Apache Airflow is an open-source workflow scheduling platform, widely used in the data engineering field. Find out everything you need to know about this Data Engineer tool: how it works, use cases, main components…
The story of Apache Airflow begins in 2015, in the offices of AirBnB. At that time, the vacation rental platform founded in 2008 was experiencing meteoric growth and was overwhelmed by an increasingly massive volume of data.
The Californian company was hiring Data Scientists, Data Analysts, and Data Engineers in droves, who had to automate numerous processes by writing scheduled batch jobs. To help them, data engineer Maxime Beauchemin created an open-source tool called Airflow.
This scheduling tool aims to allow teams to create, monitor and iterate on batch data pipelines. In a few years, Airflow has become a standard in the data engineering field.
In April 2016, the project joined the official Apache Foundation incubator. It continues its development and receives the status of a “top-level” project in January 2019. Almost two years later, in December 2020, Airflow has more than 1400 contributors, 11,230 contributions, and 19,800 stars on GitHub.
The Airflow 2.0 version is available since December 17, 2020, and brings new features and many improvements. This tool is used by thousands of Data Engineers around the world.
What is Apache Airflow?
The Apache Airflow platform allows you to create, schedule and monitor workflows through computer programming. It is a completely open-source solution, very useful for architecting and orchestrating complex data pipelines and task launches.
It has several advantages. First of all, it is a dynamic platform, since anything that can be done with Python code can be done on Airflow.
It is also extensible, thanks to many plugins allowing interaction with most common external systems.
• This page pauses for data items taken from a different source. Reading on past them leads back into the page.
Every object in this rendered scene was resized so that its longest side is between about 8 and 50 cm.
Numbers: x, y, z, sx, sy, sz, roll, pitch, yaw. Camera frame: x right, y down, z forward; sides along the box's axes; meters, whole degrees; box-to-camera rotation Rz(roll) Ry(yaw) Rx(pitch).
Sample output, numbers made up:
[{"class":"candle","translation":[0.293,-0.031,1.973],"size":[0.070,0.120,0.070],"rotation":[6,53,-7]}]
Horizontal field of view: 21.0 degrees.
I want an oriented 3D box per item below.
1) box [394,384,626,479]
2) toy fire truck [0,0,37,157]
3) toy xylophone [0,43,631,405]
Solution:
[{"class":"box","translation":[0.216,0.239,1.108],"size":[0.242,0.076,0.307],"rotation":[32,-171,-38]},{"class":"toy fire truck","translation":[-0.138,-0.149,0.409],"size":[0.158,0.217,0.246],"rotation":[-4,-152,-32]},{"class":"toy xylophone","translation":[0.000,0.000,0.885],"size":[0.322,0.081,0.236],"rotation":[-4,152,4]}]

It is also possible to create new plugins to meet specific needs.
In addition, Airflow provides elasticity. Data Engineers’ teams can use it to run thousands of different tasks every day.
Workflows are architected and expressed as Directed Acyclic Graphs (DAGs), where each node represents a specific task. Airflow is designed as a “code-first” platform, allowing it to iterate very quickly on workflows. This philosophy offers a high degree of scalability compared to other pipeline tools.
What is Airflow used for?
Airflow can be used for any batch data pipeline, so its use cases are as numerous as they are diverse. Due to its scalability, this platform particularly excels at orchestrating tasks with complex dependencies on multiple external systems.
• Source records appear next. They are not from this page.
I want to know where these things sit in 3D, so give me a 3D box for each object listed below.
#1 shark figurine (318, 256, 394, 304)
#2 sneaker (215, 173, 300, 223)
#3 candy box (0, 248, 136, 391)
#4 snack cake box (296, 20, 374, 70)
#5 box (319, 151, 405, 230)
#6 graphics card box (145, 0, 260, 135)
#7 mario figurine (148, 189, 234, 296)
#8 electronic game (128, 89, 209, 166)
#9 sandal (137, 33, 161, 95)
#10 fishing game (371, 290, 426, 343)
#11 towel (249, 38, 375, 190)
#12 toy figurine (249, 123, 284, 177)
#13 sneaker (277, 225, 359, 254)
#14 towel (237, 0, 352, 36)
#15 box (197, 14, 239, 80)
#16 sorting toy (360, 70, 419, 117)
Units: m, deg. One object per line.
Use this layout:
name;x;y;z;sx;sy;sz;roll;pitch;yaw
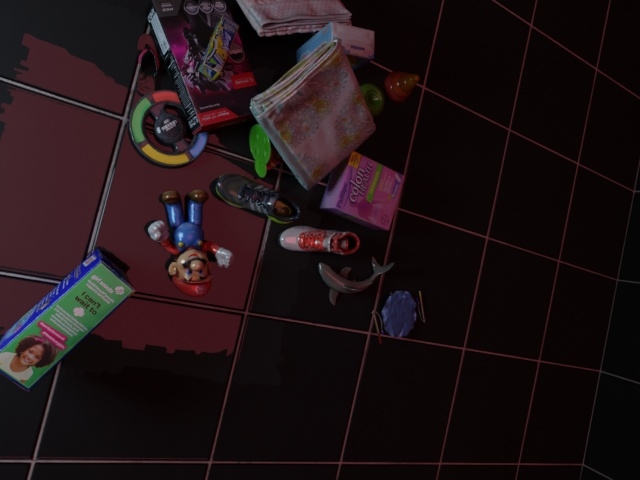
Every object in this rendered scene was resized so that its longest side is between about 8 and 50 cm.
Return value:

By writing pipelines in code and using the various plugins available, it is possible to integrate Airflow with any dependent systems from a unified platform for orchestration and monitoring.
As an example, Airflow can be used to aggregate daily sales team updates from Salesforce to send a daily report to company executives.
In addition, the platform can be used to organize and launch Machine Learning tasks running on external Spark clusters. It can also load website or application data to a data warehouse once an hour.
What are the different components of Airflow?
The Airflow architecture is based on several components. Here are the main ones.
In Airflow, pipelines are represented as DAGs (Directed Acyclic Graphs) defined in Python.
A graph is a structure composed of objects (nodes) in which certain pairs of objects are related. They are “Directed”, which means that the edges of the graph are oriented and that they, therefore, represent unidirectional links.
“Acyclic”, because the graphs do not have a circuit. This means that node B downstream of node A cannot also be upstream of node A. This ensures that pipelines do not have infinite loops.
Each node in a DAG represents a task. It is a representation of a sequence of tasks to be performed, which constitutes a pipeline. The represented jobs are defined by the operators
The operators are the building blocks of the Airflow platform. They are used to determine the work done. It can be an individual task (node of a DAG), defining how the task will be executed.
The DAG ensures that the operators are scheduled and executed in a specific order, while the operators define the jobs to be executed at each step of the process.
There are three main categories of operators. First, action operators perform a function. Examples are the PythonOperator or the BashOperator.
Transfer operators allow the transfer of data from a source to a destination, like the S3ToRedshiftOperator.
Finally, the Sensors allow waiting for a condition to be verified. For example, the FileSensor operator can be used to wait for a file to be present in a given folder, before continuing the execution of the pipeline.
Each operator is defined individually. However, operators can communicate information to each other using XComs.
On Airflow, Hooks allow interfacing with third-party systems. They allow the connection between APIs and external databases like Hive, S3, GCS, MySQL, and Postgres…
Confidential information, such as login credentials, are kept outside the Hooks. They are stored in an encrypted metadata database associated with the current Airflow instance.
Airflow plugins can be described as a combination of Hooks and Operators. They are used to accomplish specific tasks involving an external application.
An example would be transferring data from Salesforce to Redshift. There is an extensive open-source collection of plugins created by the user community, and each user can create plugins to meet their specific needs.
Connections allow Airflow to store information, allowing it to connect to external systems such as API credentials or tokens.
They are managed directly from the platform’s user interface. The data is encrypted and stored as metadata in a Postgres or MySQL database.